TransGaming Inc.

TransGaming Inc.

December 11, 2007 10:14 ET

CORRECTION FROM SOURCE: TransGaming Raises $2,201,200 in Financing

TORONTO, ONTARIO--(Marketwire - Dec. 11, 2007) - In the press release issued on December 11, 2007 at 9:00 am ET, a correction was made by TransGaming Inc. in the 5th and 7th paragraphs. The complete and corrected version follows:

TransGaming Inc. (TSX VENTURE:TNG) ("TransGaming" or the "Company"), a leading developer of software portability products for the electronic entertainment industry, announced today that it has raised $2,201,200 pursuant to its previously announced private placement offering (the "Offering") of units ("Units").

A total of 4,002,183 Units were issued to subscribers in Canada and the United States. Each Unit, priced at $0.55, was comprised of one (1) common share of the Company ("Common Share") and one (1) common share purchase warrant ("Warrant"). Each Warrant entitles its holder to purchase one Common Share at an exercise price of $0.85 at any time on or before the 24-month anniversary of the closing date, with a possibility to extend such a period for an additional 18 months should TransGaming become a Tier 1 issuer on the TSX Venture Exchange. In addition, while the Warrants are still outstanding, should TransGaming issue future equity securities for consideration of less than $0.55 per security, the exercise price of the Warrants would automatically adjust to $0.55 per Common Share. Under no circumstances would the exercise price of the Warrants be less than $0.55 per Common Share as a result of any future equity issues.

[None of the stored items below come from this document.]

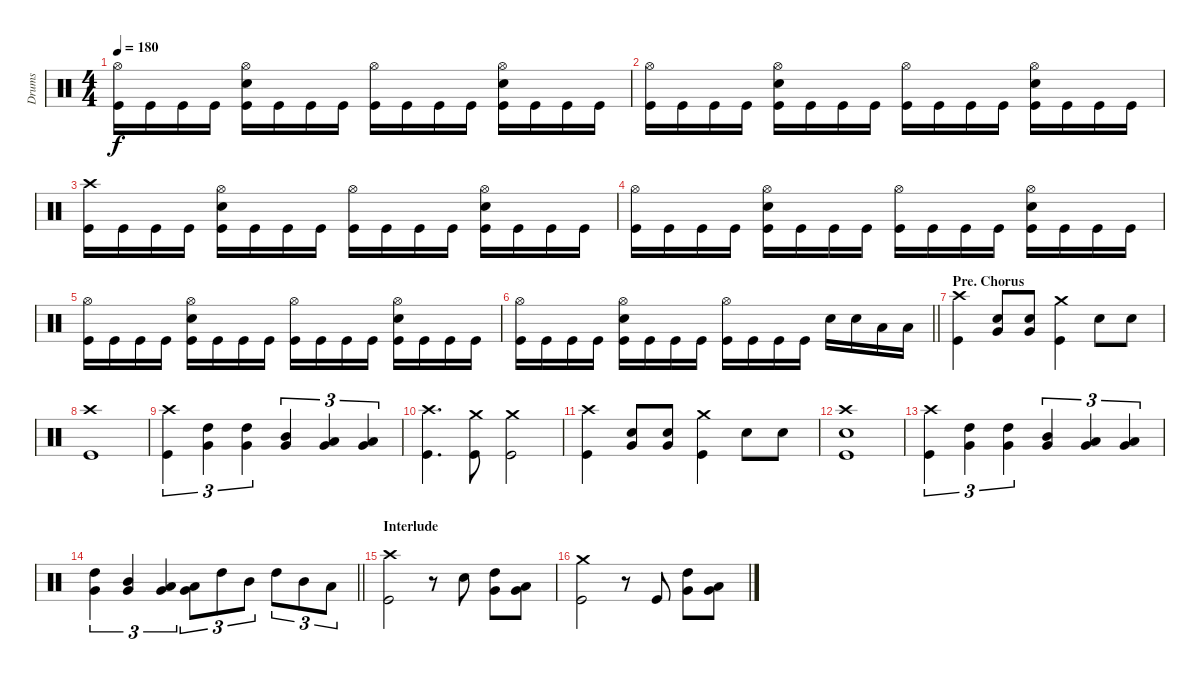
\track ("Drums" "Drums") {instrument percussion}
\staff {score}
\articulation defaults
\ts (4 4)
\tempo 180
\clef neutral
\ks c
("Hi-Hat (open)" "Kick (hit)").16{dy f} "Kick (hit)".16 "Kick (hit)".16 "Kick (hit)".16 ("Hi-Hat (open)" "Electric Snare (hit)" "Kick (hit)").16 "Kick (hit)".16 "Kick (hit)".16 "Kick (hit)".16 ("Hi-Hat (open)" "Kick (hit)").16 "Kick (hit)".16 "Kick (hit)".16 "Kick (hit)".16 ("Hi-Hat (open)" "Electric Snare (hit)" "Kick (hit)").16 "Kick (hit)".16 "Kick (hit)".16 "Kick (hit)".16 |
("Hi-Hat (open)" "Kick (hit)").16 "Kick (hit)".16 "Kick (hit)".16 "Kick (hit)".16 ("Hi-Hat (open)" "Electric Snare (hit)" "Kick (hit)").16 "Kick (hit)".16 "Kick (hit)".16 "Kick (hit)".16 ("Hi-Hat (open)" "Kick (hit)").16 "Kick (hit)".16 "Kick (hit)".16 "Kick (hit)".16 ("Hi-Hat (open)" "Electric Snare (hit)" "Kick (hit)").16 "Kick (hit)".16 "Kick (hit)".16 "Kick (hit)".16 |
("Crash high (hit)" "Kick (hit)").16 "Kick (hit)".16 "Kick (hit)".16 "Kick (hit)".16 ("Hi-Hat (open)" "Electric Snare (hit)" "Kick (hit)").16 "Kick (hit)".16 "Kick (hit)".16 "Kick (hit)".16 ("Hi-Hat (open)" "Kick (hit)").16 "Kick (hit)".16 "Kick (hit)".16 "Kick (hit)".16 ("Hi-Hat (open)" "Electric Snare (hit)" "Kick (hit)").16 "Kick (hit)".16 "Kick (hit)".16 "Kick (hit)".16 |
("Hi-Hat (open)" "Kick (hit)").16 "Kick (hit)".16 "Kick (hit)".16 "Kick (hit)".16 ("Hi-Hat (open)" "Electric Snare (hit)" "Kick (hit)").16 "Kick (hit)".16 "Kick (hit)".16 "Kick (hit)".16 ("Hi-Hat (open)" "Kick (hit)").16 "Kick (hit)".16 "Kick (hit)".16 "Kick (hit)".16 ("Hi-Hat (open)" "Electric Snare (hit)" "Kick (hit)").16 "Kick (hit)".16 "Kick (hit)".16 "Kick (hit)".16 |
("Hi-Hat (open)" "Kick (hit)").16 "Kick (hit)".16 "Kick (hit)".16 "Kick (hit)".16 ("Hi-Hat (open)" "Electric Snare (hit)" "Kick (hit)").16 "Kick (hit)".16 "Kick (hit)".16 "Kick (hit)".16 ("Hi-Hat (open)" "Kick (hit)").16 "Kick (hit)".16 "Kick (hit)".16 "Kick (hit)".16 ("Hi-Hat (open)" "Electric Snare (hit)" "Kick (hit)").16 "Kick (hit)".16 "Kick (hit)".16 "Kick (hit)".16 |
\barLineRight lightlight
("Hi-Hat (open)" "Kick (hit)").16 "Kick (hit)".16 "Kick (hit)".16 "Kick (hit)".16 ("Hi-Hat (open)" "Electric Snare (hit)" "Kick (hit)").16 "Kick (hit)".16 "Kick (hit)".16 "Kick (hit)".16 ("Hi-Hat (open)" "Kick (hit)").16 "Kick (hit)".16 "Kick (hit)".16 "Kick (hit)".16 "Electric Snare (hit)".16 "Electric Snare (hit)".16 "Low Tom (hit)".16 "Low Tom (hit)".16 |
\section ("" "Pre. Chorus")
("Crash high (hit)" "Kick (hit)").4 ("Very Low Tom (hit)" "Electric Snare (hit)").8 ("Very Low Tom (hit)" "Electric Snare (hit)").8 ("Crash medium (hit)" "Kick (hit)").4 "Electric Snare (hit)".8 "Electric Snare (hit)".8 |
("Crash high (hit)" "Kick (hit)").1 |
("Crash high (hit)" "Kick (hit)").4{tu (3 2)} ("Very Low Tom (hit)" "High Tom (hit)").4{tu (3 2)} ("Very Low Tom (hit)" "High Tom (hit)").4{tu (3 2)} ("Very Low Tom (hit)" "Mid Tom (hit)").4{tu (3 2)} ("Very Low Tom (hit)" "Low Tom (hit)").4{tu (3 2)} ("Low Floor Tom (hit)" "Very Low Tom (hit)").4{tu (3 2)} |
("Crash high (hit)" "Kick (hit)").4{d} ("Crash medium (hit)" "Kick (hit)").8 ("Crash medium (hit)" "Kick (hit)").2 |
("Crash high (hit)" "Kick (hit)").4 ("Very Low Tom (hit)" "Electric Snare (hit)").8 ("Very Low Tom (hit)" "Electric Snare (hit)").8 ("Crash medium (hit)" "Kick (hit)").4 "Electric Snare (hit)".8 "Electric Snare (hit)".8 |
("Crash high (hit)" "Electric Snare (hit)" "Kick (hit)").1 |
("Crash high (hit)" "Kick (hit)").4{tu (3 2)} ("Very Low Tom (hit)" "High Tom (hit)").4{tu (3 2)} ("Very Low Tom (hit)" "High Tom (hit)").4{tu (3 2)} ("Very Low Tom (hit)" "Mid Tom (hit)").4{tu (3 2)} ("Very Low Tom (hit)" "Low Tom (hit)").4{tu (3 2)} ("Low Floor Tom (hit)" "Very Low Tom (hit)").4{tu (3 2)} |
\barLineRight lightlight
("Very Low Tom (hit)" "High Tom (hit)").4{tu (3 2)} ("Very Low Tom (hit)" "Mid Tom (hit)").4{tu (3 2)} ("Very Low Tom (hit)" "Low Tom (hit)").4{tu (3 2)} ("Very Low Tom (hit)" "Low Tom (hit)").8{tu (3 2)} "High Tom (hit)".8{tu (3 2)} "Mid Tom (hit)".8{tu (3 2)} "High Tom (hit)".8{tu (3 2)} "Mid Tom (hit)".8{tu (3 2)} "Low Tom (hit)".8{tu (3 2)} |
\section ("" "Interlude")
("Crash high (hit)" "Kick (hit)").2 r.8 "Electric Snare (hit)".8 ("Very Low Tom (hit)" "High Tom (hit)").8 ("Very Low Tom (hit)" "Low Tom (hit)").8 |
("Crash medium (hit)" "Kick (hit)").2 r.8 "Kick (hit)".8 ("Very Low Tom (hit)" "High Tom (hit)").8 ("Very Low Tom (hit)" "Low Tom (hit)").8

In Canada, a total of 2,092,728 Units were issued to accredited investors in British Columbia, Ontario, and Quebec, raising gross proceeds of $1,151,000. In consideration for acting as agent for all Canadian subscriptions, CTI Capital Securities Inc. ("CTI") received a corporate finance fee of $20,000 (plus applicable taxes) and broker warrants giving it the right to acquire 167,418 Common Shares at a price of $0.55 per Common Share at any time on or before December 11, 2009. CTI also shared a cash commission of $90,680 with members of the selling group.

In addition to the Canadian component of the Offering, TransGaming issued directly to subscribers in the United States a total of 1,909,455 Units, raising gross proceeds of $1,050,200.

The securities issued under the Offering are subject to a hold period expiring, in Canada, on April 12, 2008 and, in the United States, no earlier than April 12, 2008, as required under applicable securities legislation and the policies of the TSX Venture Exchange.

TransGaming has experienced positive growth in recent quarters and expects to use the net proceeds of the Offering to expand the Company's operations into the United States, and scale its development, R&D, and marketing teams towards more rapid growth. As the Offering was not fully subscribed, TransGaming intends to proceed with an additional closing session on a best-efforts basis.

The units sold, and the common shares and warrants underlying such units have not and will not be registered under the United States Securities Act of 1933, as amended, and may not be offered or sold within the United States or to, or for the account or benefit of, U.S. persons absent U.S. registration or an applicable exemption from the U.S. registration requirements. This release does not constitute an offer for sale or the solicitation of an offer to buy the securities in the United States.

Forward-Looking Statements

Certain statements in this press release may include "forward-looking" statements which involve known and unknown risks, uncertainties and other factors which may cause actual results, performance or achievements of TransGaming to be materially different from any future results, performance or achievements expressed or implied by such forward-looking statements. When used in this press release, such statements use such words as "may", "will", "expect", "anticipate", "project", "believe", "plan", and other similar terminology. The risks and uncertainties are detailed from time to time in reports filed by TransGaming with the securities regulatory authorities in certain of the provinces and territories of Canada. New risk factors may arise from time to time and it is not possible for management to predict all of those risk factors or the extent to which any factor or combination of factors may cause actual results, performance and achievements of TransGaming to be materially different from those contained in forward-looking statements. Given these risks and uncertainties, investors should not place undue reliance on forward-looking statements as a prediction of actual results.

About TransGaming Inc.

TransGaming is a leader in the development of software portability products that allow game developers and publishers to develop games for one system and deploy them across multiple platforms - faster, cheaper and better than anyone else. TransGaming is headquartered in Toronto, Canada and maintains a research and development center in Ottawa, Canada. More information about the company can be obtained at

About CTI Capital Securities Inc.

CTI Capital is a full-service boutique securities dealer, offering debt and equity trading, portfolio management, research, retail brokerage, and investment banking services. The investment banking department specializes in initial public offerings and new issues, private placements, reverse take-overs, capital pool companies, mergers and acquisitions, and exchange sponsorships for emerging growth-oriented companies.

The TSX Venture Exchange does not accept the responsibility for the adequacy or accuracy of this release.